Search code examples
javamathintegerinteger-overflow

Reverting an hash code "sum"


So, rather than calculating the hash code every time, I thought I could keep an integer updated with all the changes. Imagine a setter for a property that contributes to the hash code:

public void setFoo(Foo newFoo){
    this.hashCalculator.remove(this.foo.hashCode()); // remove old hash code
    this.hashCalculator.add(newFoo.hashCode()); // add new hash code
    this.foo = newFoo; // set new foo
}

(I hope I'm not doing something stupid) I thought it would be simple math, but I am failing at implementing it. I think it has something to do with overflowing integers but I'm not sure. Clearly I'm missing something. The remainder from the division should probably be added back to the value, right?
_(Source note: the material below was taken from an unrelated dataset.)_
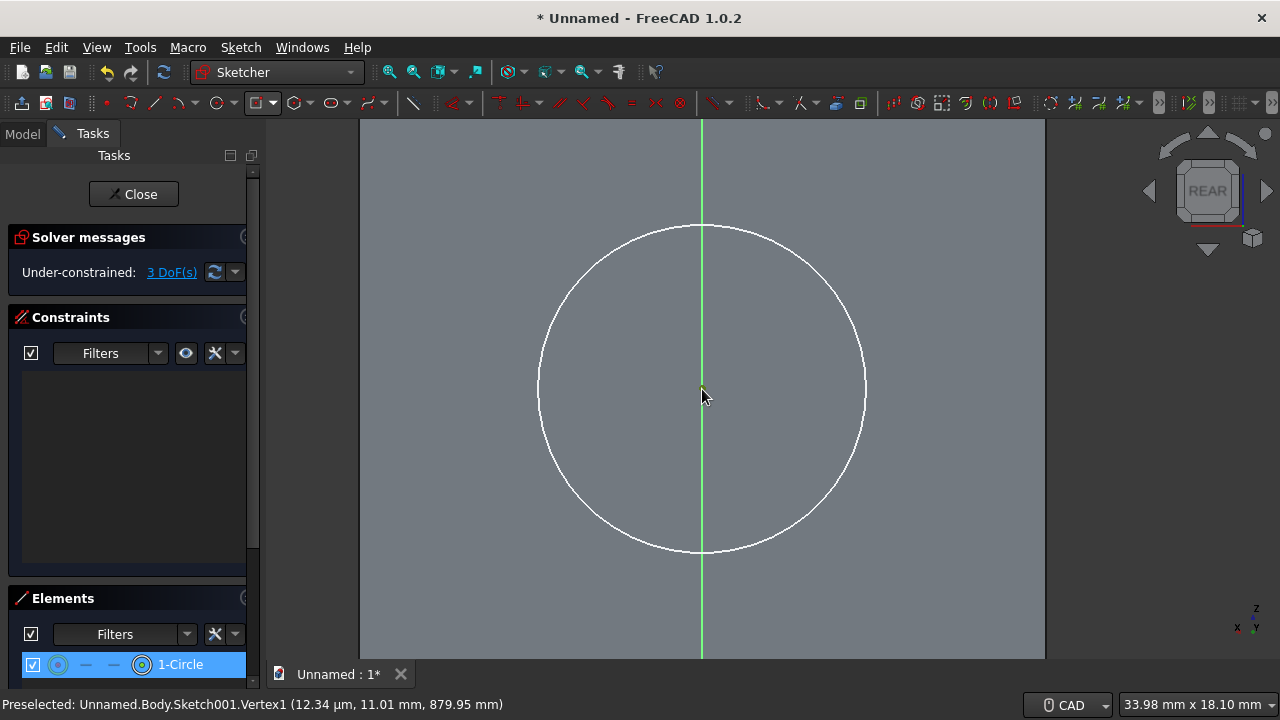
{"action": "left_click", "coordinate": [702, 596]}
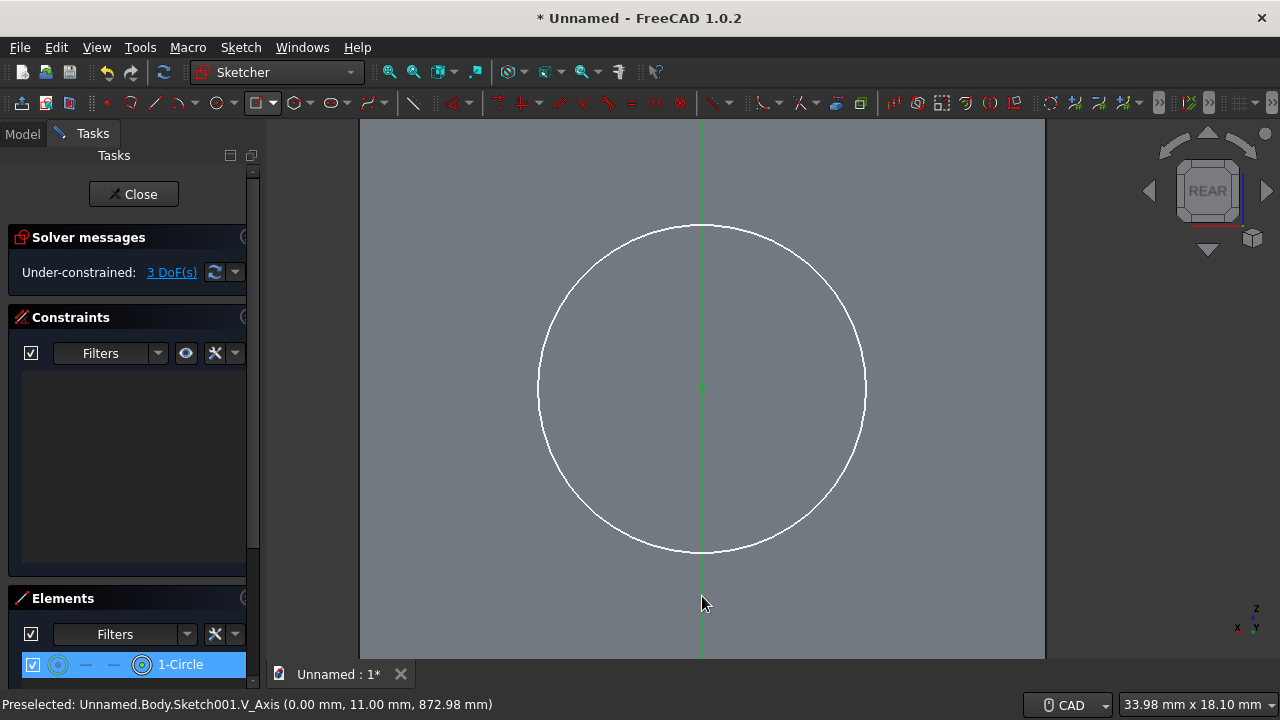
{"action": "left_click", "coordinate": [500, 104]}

This is the code I have. At the end the result should be 1, but it's not what I get.

class HashCode
{
    public int value = 1;

    public void add(int val){
        // as suggested by effective java
        value = value * 37 + val;
    }

    public void remove(int val){
        value = (value - val) / 37;
    }
}

HashCode o = new HashCode();

for(int a = 0; a < 1000; a++){
    o.add(a);
}

for(int r = 0; r < 1000; r++){
    o.remove(r);
}

System.out.println(o.value); // should be 1

Solution

  • First: there is no way to properly reverse an operation that results in an integer overflow. Basically the problem is that you cannot know if the integer overflow happened once, twice or even more often in the previous operation. Therefore you cannot get the original value present before the last hash calculation.

    Second: the hash calculation depends on the order of applied hash values.
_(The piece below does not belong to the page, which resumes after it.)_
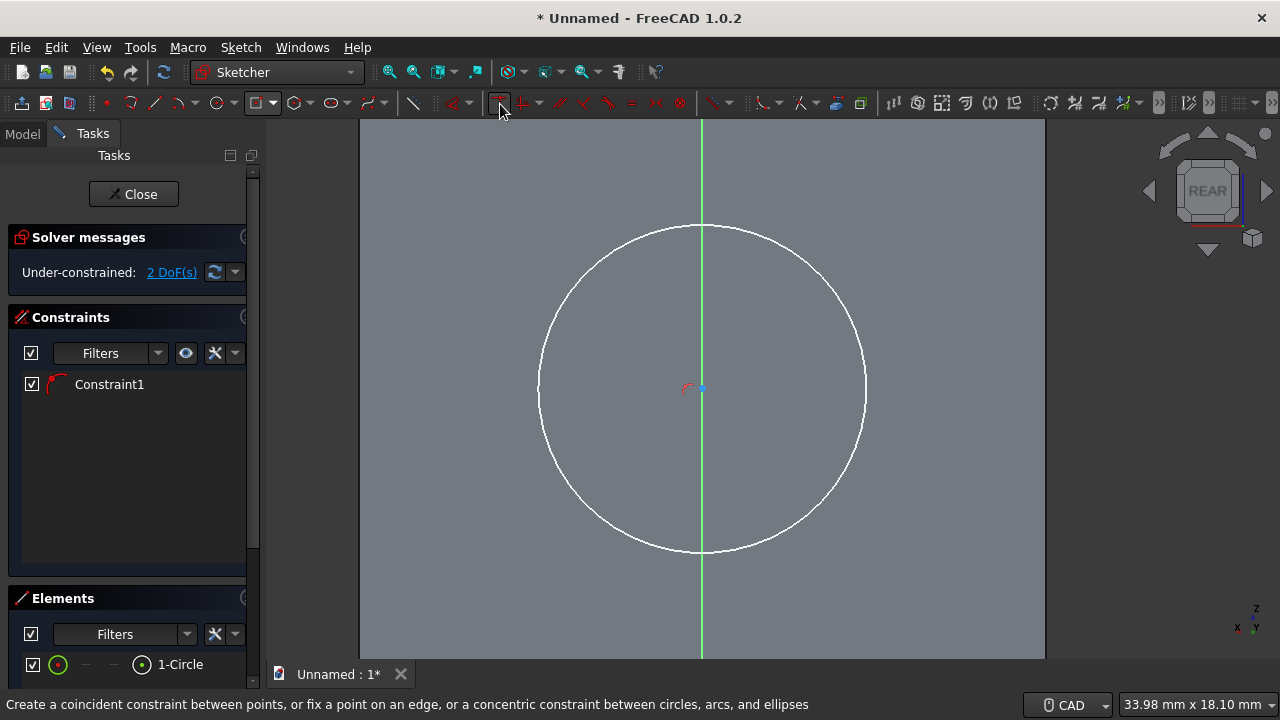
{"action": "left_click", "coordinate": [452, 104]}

    ((1 * 37 + 0) * 37 + 1) * 37 + 2 = 50692
    ((1 * 37 + 2) * 37 + 1) * 37 + 0 = 53428
               ^         ^         ^ the hash values.
    

    Since the hash value change of appending the last value depends on all previous hash values you cannot just change one intermediary hash value, there is no (well performing) way to remove the impact the 1 in my previous example had on all future computations.

    This should have been obvious if you tested your loops with 1, 2, 3, etc. instead of 1000 to begin with. Without integer overflow your loops would have only worked if you remove the hash values in the opposite order you added them. That is a restriction that does not make sense to apply in "real-life". What @JB Nizet wrote in his comment is correct in my opinion.